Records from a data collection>
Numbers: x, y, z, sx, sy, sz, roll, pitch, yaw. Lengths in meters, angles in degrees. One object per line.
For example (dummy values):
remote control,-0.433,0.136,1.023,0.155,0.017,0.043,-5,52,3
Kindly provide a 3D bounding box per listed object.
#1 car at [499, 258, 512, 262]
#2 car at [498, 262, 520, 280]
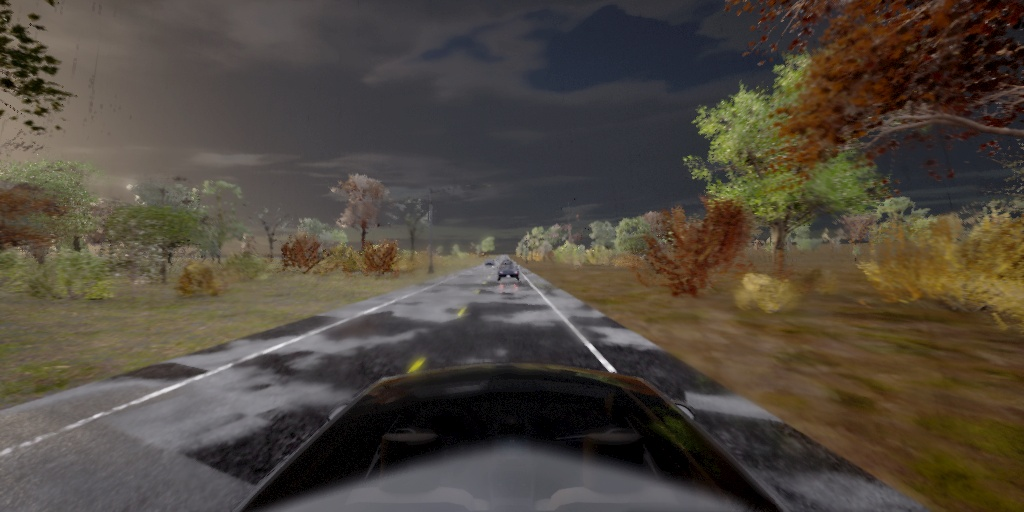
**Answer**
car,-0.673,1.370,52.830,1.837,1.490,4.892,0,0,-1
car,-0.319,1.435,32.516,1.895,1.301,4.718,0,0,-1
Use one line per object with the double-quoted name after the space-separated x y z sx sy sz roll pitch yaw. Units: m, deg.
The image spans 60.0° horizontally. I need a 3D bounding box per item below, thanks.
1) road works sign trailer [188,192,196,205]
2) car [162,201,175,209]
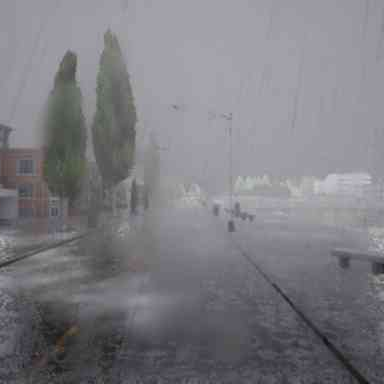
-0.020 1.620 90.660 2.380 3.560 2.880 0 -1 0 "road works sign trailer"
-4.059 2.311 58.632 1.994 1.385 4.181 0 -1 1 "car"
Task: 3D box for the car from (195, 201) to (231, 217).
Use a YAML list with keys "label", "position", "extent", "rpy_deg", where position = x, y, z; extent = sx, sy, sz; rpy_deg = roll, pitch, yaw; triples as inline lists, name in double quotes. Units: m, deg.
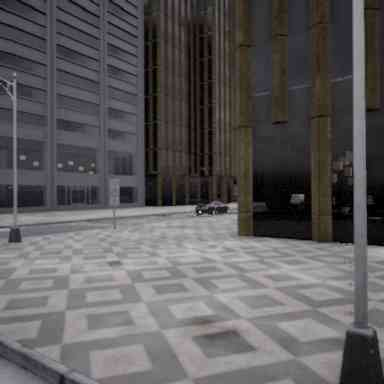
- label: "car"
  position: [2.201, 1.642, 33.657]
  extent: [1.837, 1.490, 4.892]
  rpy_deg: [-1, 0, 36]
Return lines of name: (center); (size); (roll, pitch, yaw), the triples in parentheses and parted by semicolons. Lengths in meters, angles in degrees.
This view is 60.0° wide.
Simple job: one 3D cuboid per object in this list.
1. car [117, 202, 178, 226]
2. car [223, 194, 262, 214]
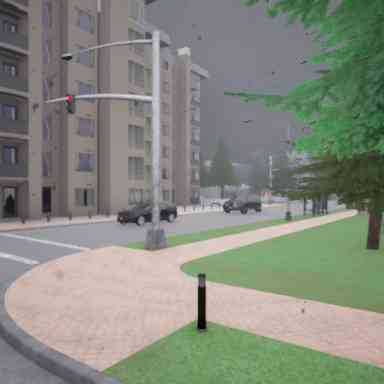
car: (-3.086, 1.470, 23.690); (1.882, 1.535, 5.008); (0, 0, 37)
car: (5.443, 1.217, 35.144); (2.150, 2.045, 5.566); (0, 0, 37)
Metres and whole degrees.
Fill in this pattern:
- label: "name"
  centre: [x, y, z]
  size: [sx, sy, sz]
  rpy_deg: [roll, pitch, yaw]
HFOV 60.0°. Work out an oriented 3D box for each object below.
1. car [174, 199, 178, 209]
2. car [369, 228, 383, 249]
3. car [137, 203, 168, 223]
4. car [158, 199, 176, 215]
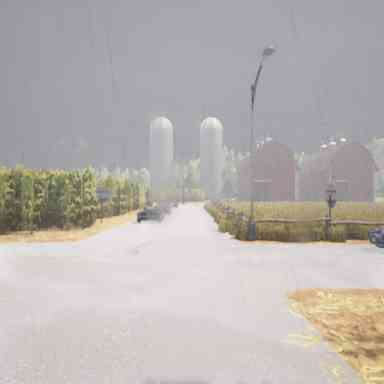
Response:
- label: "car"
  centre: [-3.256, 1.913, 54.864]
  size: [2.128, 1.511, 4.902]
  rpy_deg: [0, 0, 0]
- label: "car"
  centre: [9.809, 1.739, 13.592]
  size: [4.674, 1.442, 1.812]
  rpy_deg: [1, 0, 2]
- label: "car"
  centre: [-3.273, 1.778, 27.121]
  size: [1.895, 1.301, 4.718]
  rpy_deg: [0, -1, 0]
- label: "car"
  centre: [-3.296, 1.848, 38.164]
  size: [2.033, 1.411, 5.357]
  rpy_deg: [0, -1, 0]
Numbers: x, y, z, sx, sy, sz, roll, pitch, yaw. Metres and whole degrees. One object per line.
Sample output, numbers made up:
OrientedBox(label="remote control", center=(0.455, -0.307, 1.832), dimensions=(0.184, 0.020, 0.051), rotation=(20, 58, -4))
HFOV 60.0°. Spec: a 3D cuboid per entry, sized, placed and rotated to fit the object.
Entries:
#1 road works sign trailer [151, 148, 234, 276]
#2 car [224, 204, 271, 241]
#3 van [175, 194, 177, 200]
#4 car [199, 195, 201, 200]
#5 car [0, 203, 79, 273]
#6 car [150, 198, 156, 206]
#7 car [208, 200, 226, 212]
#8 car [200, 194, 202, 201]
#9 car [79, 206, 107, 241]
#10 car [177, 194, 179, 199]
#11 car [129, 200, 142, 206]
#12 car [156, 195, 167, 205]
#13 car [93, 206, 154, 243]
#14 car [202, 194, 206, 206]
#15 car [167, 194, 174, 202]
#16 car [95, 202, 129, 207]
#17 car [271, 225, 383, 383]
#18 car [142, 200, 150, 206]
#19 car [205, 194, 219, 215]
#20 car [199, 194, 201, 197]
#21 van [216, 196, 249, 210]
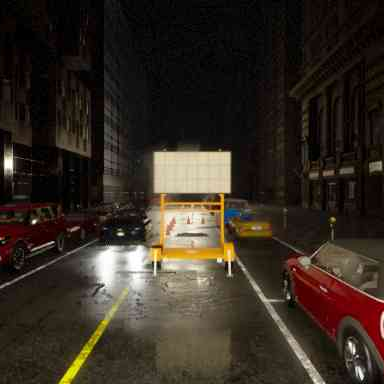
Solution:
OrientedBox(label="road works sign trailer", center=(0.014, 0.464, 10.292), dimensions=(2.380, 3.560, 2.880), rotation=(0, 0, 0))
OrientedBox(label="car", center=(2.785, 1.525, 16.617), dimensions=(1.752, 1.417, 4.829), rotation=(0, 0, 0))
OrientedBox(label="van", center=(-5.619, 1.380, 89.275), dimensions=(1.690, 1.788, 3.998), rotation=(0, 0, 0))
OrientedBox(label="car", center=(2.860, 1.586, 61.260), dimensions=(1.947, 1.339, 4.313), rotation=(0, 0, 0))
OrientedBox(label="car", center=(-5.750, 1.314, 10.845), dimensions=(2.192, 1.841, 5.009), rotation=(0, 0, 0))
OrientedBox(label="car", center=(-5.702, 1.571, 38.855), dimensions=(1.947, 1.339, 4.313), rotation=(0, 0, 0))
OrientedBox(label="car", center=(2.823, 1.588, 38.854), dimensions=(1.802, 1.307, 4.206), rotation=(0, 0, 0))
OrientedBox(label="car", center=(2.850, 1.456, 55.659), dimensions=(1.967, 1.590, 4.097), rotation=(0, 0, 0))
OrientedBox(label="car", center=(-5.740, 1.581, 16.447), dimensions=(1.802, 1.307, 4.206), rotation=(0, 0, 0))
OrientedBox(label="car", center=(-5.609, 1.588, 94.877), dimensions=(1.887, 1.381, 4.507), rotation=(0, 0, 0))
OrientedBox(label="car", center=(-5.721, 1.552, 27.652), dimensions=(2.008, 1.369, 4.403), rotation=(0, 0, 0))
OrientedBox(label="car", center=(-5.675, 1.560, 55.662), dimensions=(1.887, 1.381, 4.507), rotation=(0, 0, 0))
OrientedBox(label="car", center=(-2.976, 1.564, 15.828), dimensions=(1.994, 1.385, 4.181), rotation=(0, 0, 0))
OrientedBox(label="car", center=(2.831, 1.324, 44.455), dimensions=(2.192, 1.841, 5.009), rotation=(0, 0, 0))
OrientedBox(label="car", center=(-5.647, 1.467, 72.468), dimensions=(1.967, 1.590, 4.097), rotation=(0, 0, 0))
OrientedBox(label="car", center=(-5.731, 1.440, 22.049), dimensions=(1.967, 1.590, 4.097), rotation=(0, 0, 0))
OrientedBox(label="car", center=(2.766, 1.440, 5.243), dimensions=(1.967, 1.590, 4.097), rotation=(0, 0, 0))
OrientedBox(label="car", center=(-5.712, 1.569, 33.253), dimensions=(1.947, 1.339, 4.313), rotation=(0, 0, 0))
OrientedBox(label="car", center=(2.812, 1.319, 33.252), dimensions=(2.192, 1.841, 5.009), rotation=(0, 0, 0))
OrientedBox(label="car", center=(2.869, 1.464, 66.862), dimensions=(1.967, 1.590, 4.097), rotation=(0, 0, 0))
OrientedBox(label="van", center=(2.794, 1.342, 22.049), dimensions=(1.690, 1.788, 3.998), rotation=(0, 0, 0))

Problem statement> Can you repeat, word for word, every line above from the one containing "#16 car [95, 202, 129, 207]" down to the one containing "#21 van [216, 196, 249, 210]", including both?

Response area>
#16 car [95, 202, 129, 207]
#17 car [271, 225, 383, 383]
#18 car [142, 200, 150, 206]
#19 car [205, 194, 219, 215]
#20 car [199, 194, 201, 197]
#21 van [216, 196, 249, 210]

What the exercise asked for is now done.